Some members of the Bharatiya Janata Party called their entry a "black day". The chief minister of Kerala, Pinarayi Vijayan, a supporter of the Supreme Court decision, said the entry into the temple by Ammini and Kankadurga was a historic moment. Senior lawyer Indira Jaising compared their entry to the temple entry movement led by B. R. Ambedkar, and represented Ammini and Kanakadurga in legal actions to obtain police protection.

===Third attempt===
In November 2019, the Supreme Court kept its 2018 decision in place, but set the case for review by a larger bench. The Kerala government then withdrew its support and police protection for women entering the temple, pending the decision of the Supreme Court. After this announcement, Ammini and other activists, including Trupti Desai, went to the Ernakulam City Commissioner's office in late November to seek police protection for another attempt to visit the shrine.

Ammini was attacked by chili/pepper spray outside of the commissioner's office, and was hospitalized. Afterwards, Prabhir Vishnu Poruthiyil described Ammini as the "Rosa Parks of our time", and wrote, "She has shown us the tenacity of patriarchy and has exposed the casteism lurking behind the facade of tradition."

The National Commission for Women asked the Kerala director general of police to send an action report regarding the incident.
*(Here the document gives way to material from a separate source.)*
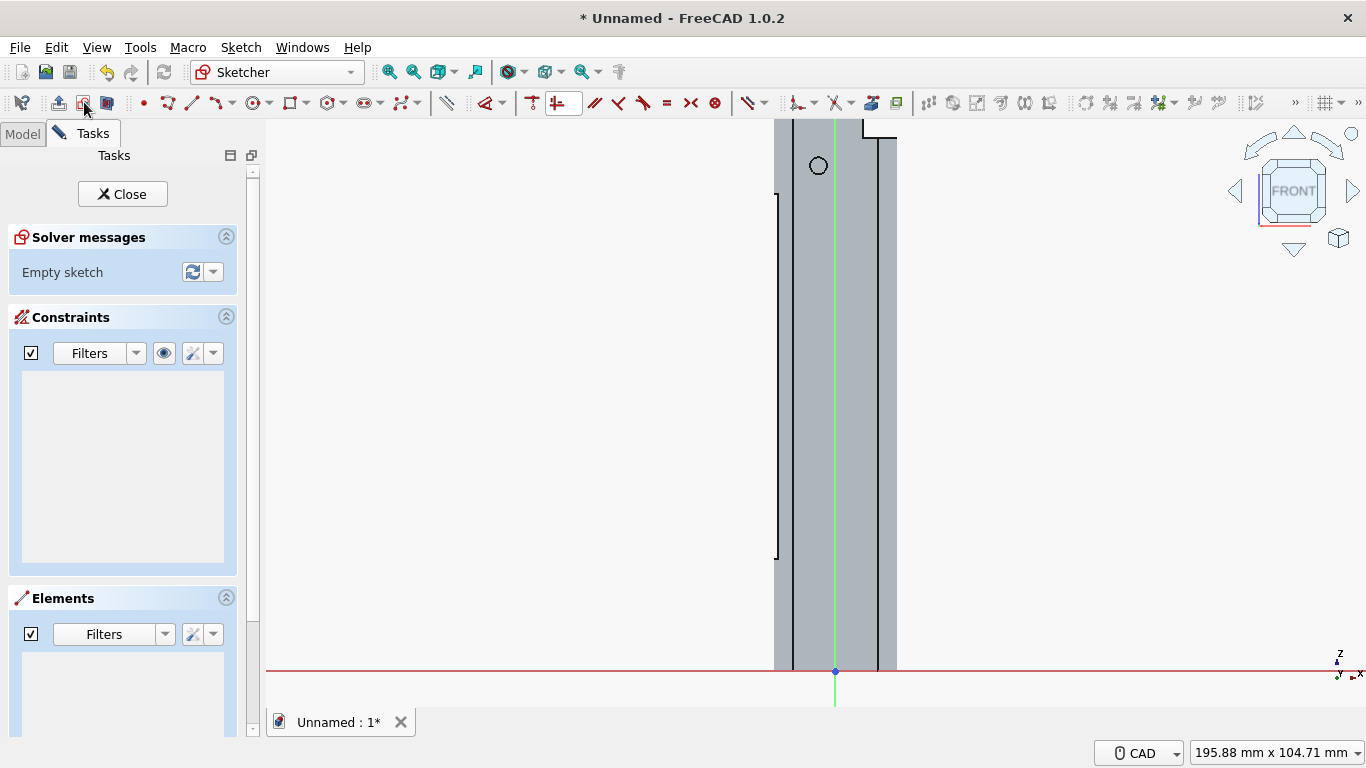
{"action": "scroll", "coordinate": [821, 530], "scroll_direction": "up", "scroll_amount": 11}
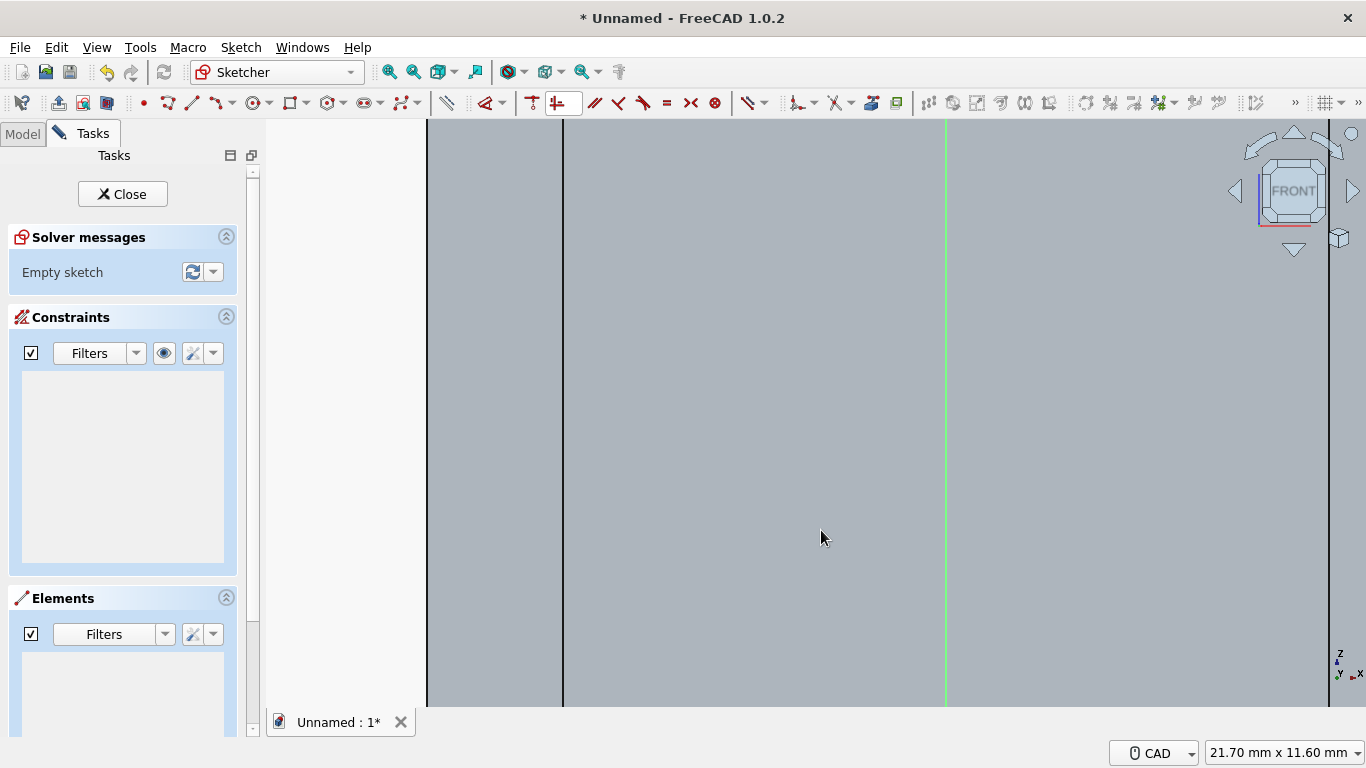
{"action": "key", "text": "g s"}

In December 2019, the Supreme Court declined to grant protection orders for the Sabarimala visit. On 24 February 2021, the Kerala High Court granted pre-arrest bail to two people alleged to be connected with the group that sprayed Ammini when she went to the Ernakulam City Commissioner's office in 2019.

==Personal life==
When she was 18, Ammini met her husband, K.V. Hariharan, while active in student politics and they settled in Poyilkavu after their marriage. She has a daughter, Olga, named after Olga Benário Prestes who was killed in the Holocaust.